Sumit Singhal loves modern architecture. He comes from a family of builders who have built more than 20 projects in the last ten years near Delhi in India. He has recently started writing about the architectural projects that catch his imagination.
Gavroche Centre for Children in Saint-Ouen, France by SOA Architectes
November 10th, 2011 by Sumit Singhal
Article source: SOA Architectes
The Gavroche centre for children is a cultural and educational facility situated in the heart of the Victor Hugo development. The latter is part of a large urban renewal scheme consisting principally of housing, offices and commercial buildings organised around the Victor Hugo Garden.

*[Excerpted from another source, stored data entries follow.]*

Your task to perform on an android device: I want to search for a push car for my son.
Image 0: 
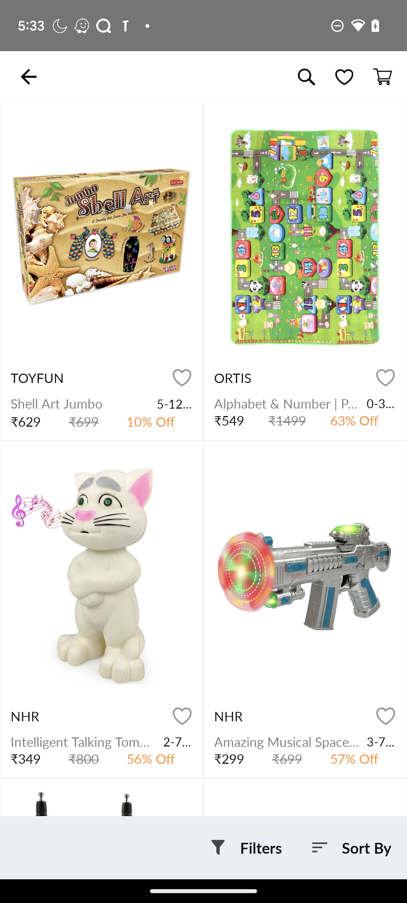
Click on the search icon.
Step 0: click (306, 77)
Image 1: 
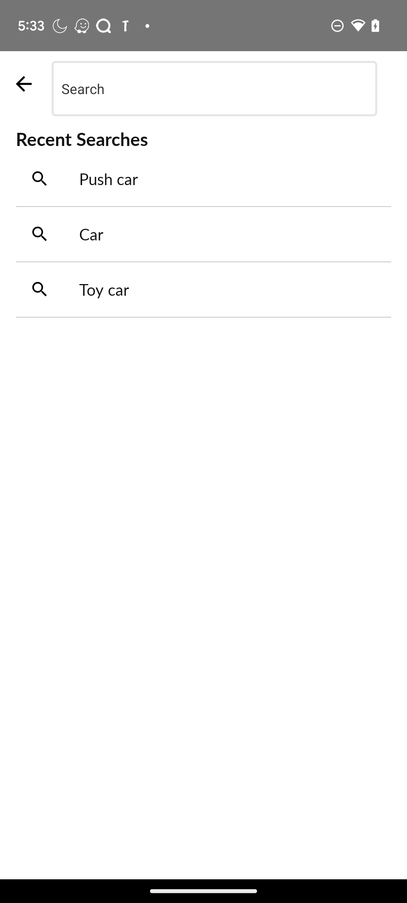
Enter "push car" in the text box.
Step 1: type "Push car"
Image 2: 
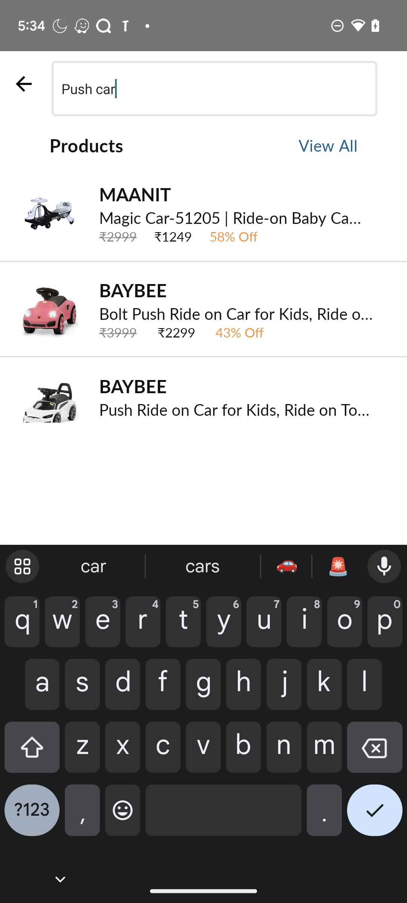
Click on the tick button.
Step 2: click (375, 816)

The complex triangular plot is located within a heterogeneous built fabric: the park to the West, old town houses to the North and several new 5 storey buildings to the South. The depth of the site provides the building with three different orientations. The workshops and games rooms are therefore turned towards the garden, most of the spaces benefiting from an unobstructed view out onto greenery. The entrance space, with its forecourt set back from the street, acts as an urban connection with the rue Arago. The building slots into this complex site, preserving, as much as possible, a certain continuity with the existing urban fabric as well as with the layout of the Victor Hugo Garden.

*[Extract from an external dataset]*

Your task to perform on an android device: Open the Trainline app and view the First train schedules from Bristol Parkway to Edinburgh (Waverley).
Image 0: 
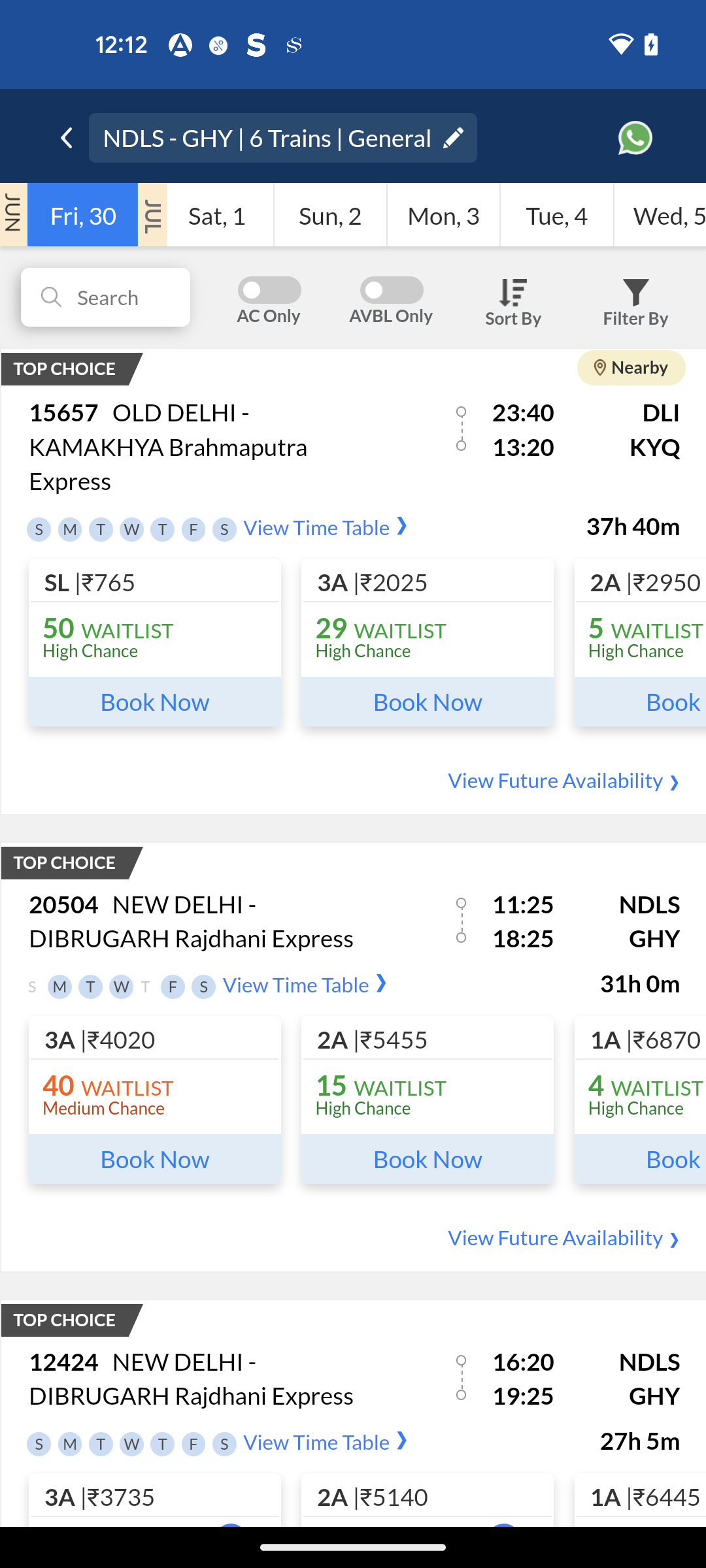
Open the Trainline App
Step 0: open app "Trainline"

The children’s centre stands out as a public facility. The scheme demonstrates cultural, educational and civic intentions with a strong social integration objective. The centre is a place for educational leisure, where children and adolescents are able to develop their own individuality through collective games and workshops. The building’s functional organisation evolves around the central hall, focal point of the centre, entirely open to the public. Firstly, the scheme rests on a plinth consisting of horizontal lines echoing the configuration of the park. This base supports a number of timber boxes, which appear to be light structures with varied panelling, set out in a fragmented way. The interior layout of the ground floor favours open spaces with maximum transparency, adapted to natural lighting requirements, as well as acoustic conditions. The rigorous organisation of the different entities allows for a great legibility of the various uses, while facilitating the children and visitor’s orientation throughout the building. This is also achieved with the use of a colorimetric language and appropriate signage.